What's he crying about?

A short clip I received this week shows a well known TV personality that asked a group of parents to film their kids while they were telling them that they had eaten all of their candy from last week and capture their reactions on camera. It was very entertaining to watch how the children react; some cry and others kick and turn chairs over... but the last child on the clip just says "Its fine, Mommy. Really, it's fine."

What our kids cry for and about, is telling about us, their parents, too. While all kids will crave candy and avoid brushing their teeth, it is the parents' priorities and consistency that sets the decibel level of the tantrum and length of the melt-down. When you see a child throwing a twenty minute fit down the candy aisle, you can't help but assume he or she is used to being given a lot of candy on a fairly regular basis...

Recently, I was in Walmart with my 2 year old, Moshe. At the checkout lane I noticed the battery display and reminded myself that we needed some batteries, so I threw a package in the cart. Moshe looks at me, and yells: Tatty, don't take that! It's not kosher!

He is only two, but he's been told enough times regarding items at the checkout lane that they are not kosher.
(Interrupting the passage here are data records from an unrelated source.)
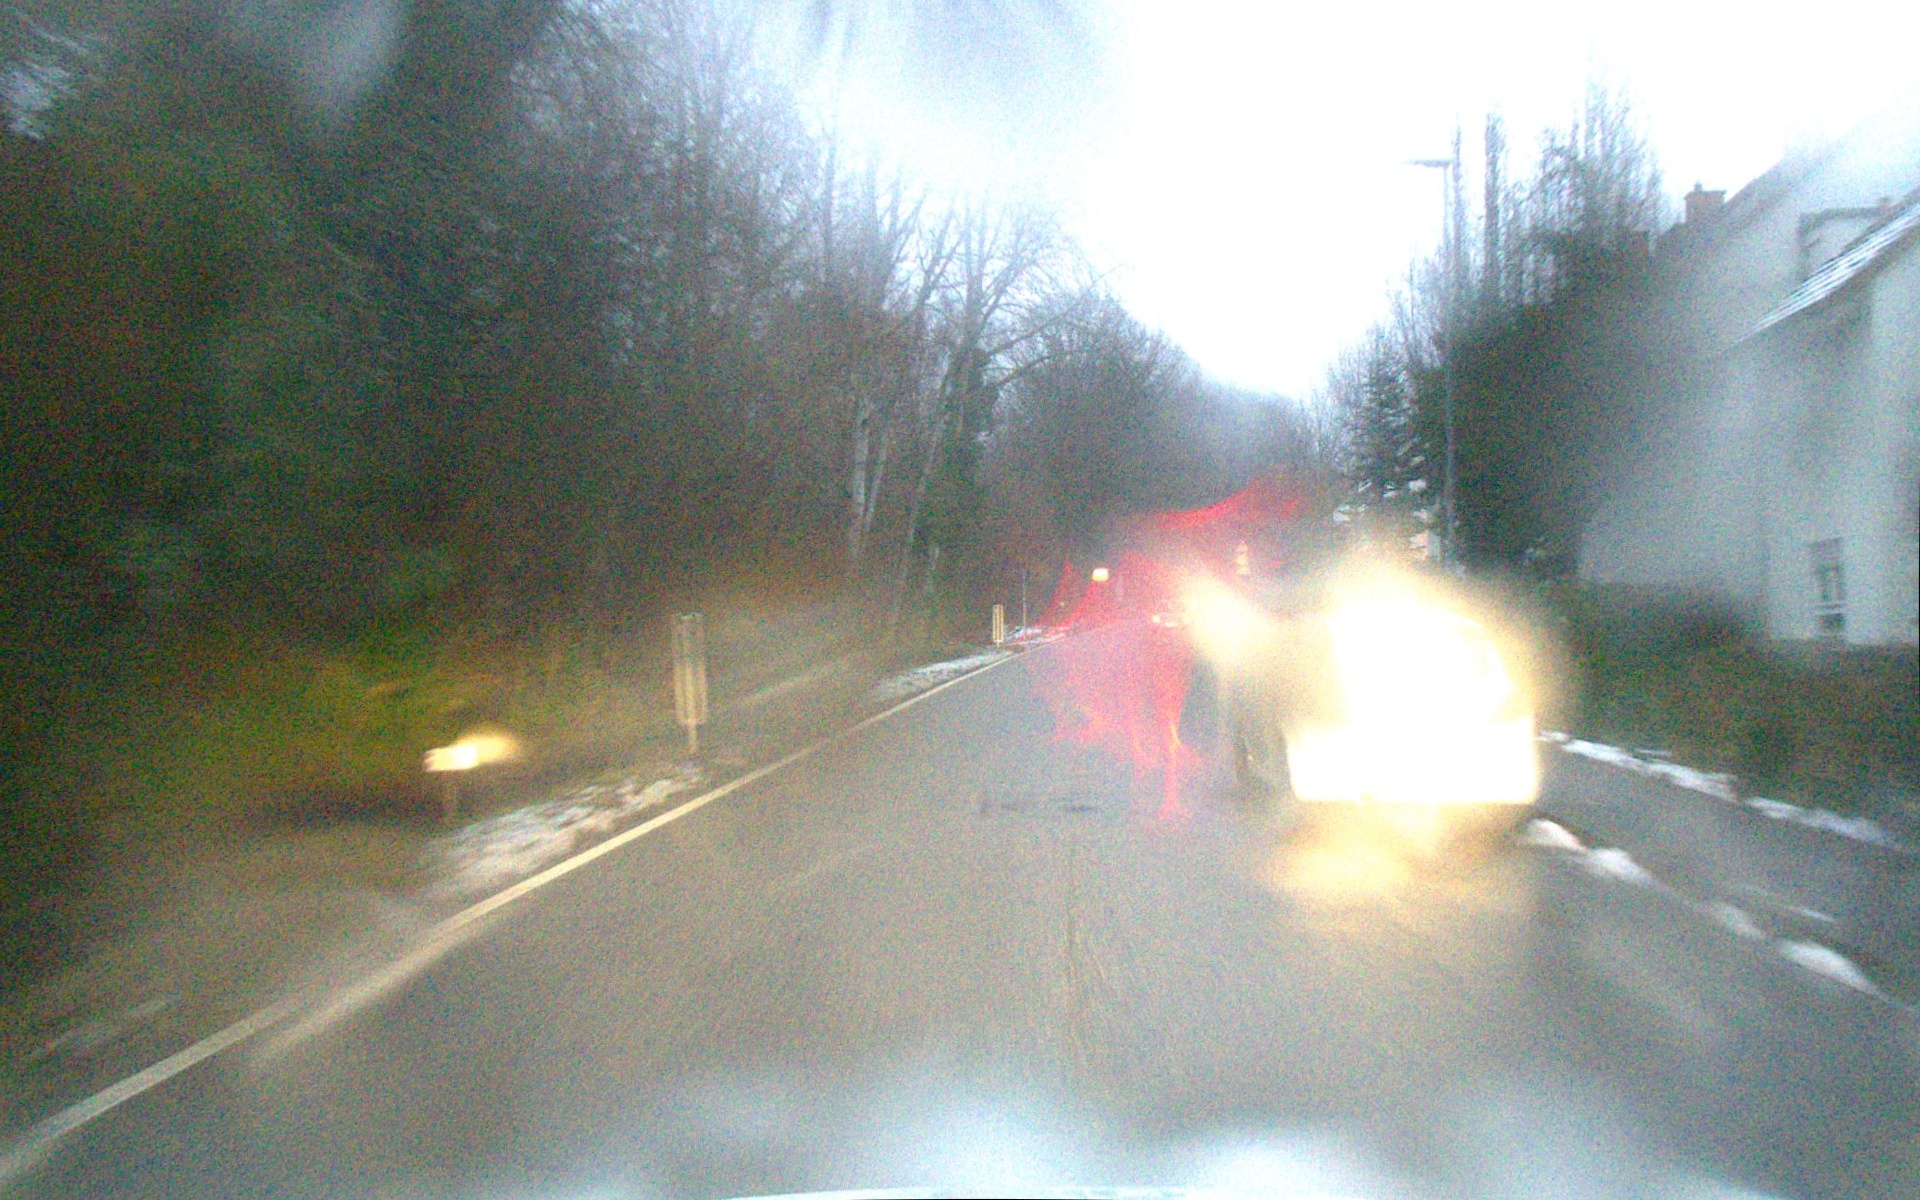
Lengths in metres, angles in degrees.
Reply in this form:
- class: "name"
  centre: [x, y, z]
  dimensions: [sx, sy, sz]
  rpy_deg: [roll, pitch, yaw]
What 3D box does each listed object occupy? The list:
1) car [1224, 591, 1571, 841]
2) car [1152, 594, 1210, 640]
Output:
- class: "car"
  centre: [3.067, 0.742, 12.400]
  dimensions: [1.668, 1.532, 4.026]
  rpy_deg: [1, 0, 2]
- class: "car"
  centre: [9.086, 0.685, 67.777]
  dimensions: [1.892, 1.812, 4.003]
  rpy_deg: [0, 0, 14]

So while he still likes candy, he knows that the checkout lane is not kosher.

There's a story the Lubavitcher Rebbe liked to tell about a five-year-old child and a 99-year-old man. The child was Rabbi Sholom DovBer Schneerson, born on the 20th of Cheshvan 5621 (1860), who served as the fifth Lubavitcher Rebbe from 1882 until his passing in 1920. The 99-year-old man lived 36 centuries earlier; his name was Abraham and he was the first Jew.

The story goes like this:

On the occasion of his fourth or fifth birthday, Rabbi Sholom DovBer visited his grandfather, Rabbi Menachem Mendel of Lubavitch. Upon entering his grandfather's room, the child burst into tears. His teacher in cheder had taught them that week's Torah reading, Vayeira, which begins, "And G-d revealed himself to Abraham..." Why, wept the child, doesn't G-d reveal Himself to me?

Rabbi Menachem Mendel replied: "When a Jew, a tzaddik, realizes at the age of 99 that he must circumcise himself -- that he must continue to perfect himself -- he is worthy that G-d should reveal Himself to him."

The Rebbe must have told this story dozens of times. The story, followed by a discussion of the manifold meanings and lessons the Rebbe saw in it, was a regular feature of the farbrengens (Chassidic gatherings) he held each year on or near the anniversary of Rabbi Sholom DovBer's birthday, which is always around this week's Parsha, Vayeira.

Imagine: a five year old weeping because G-d doesn't reveal Himself to Him!

I don't know if we can get our children to do THAT! But it sure gives us an idea of what our direction should be. To paraphrase an old cliché: You are what your children cry about!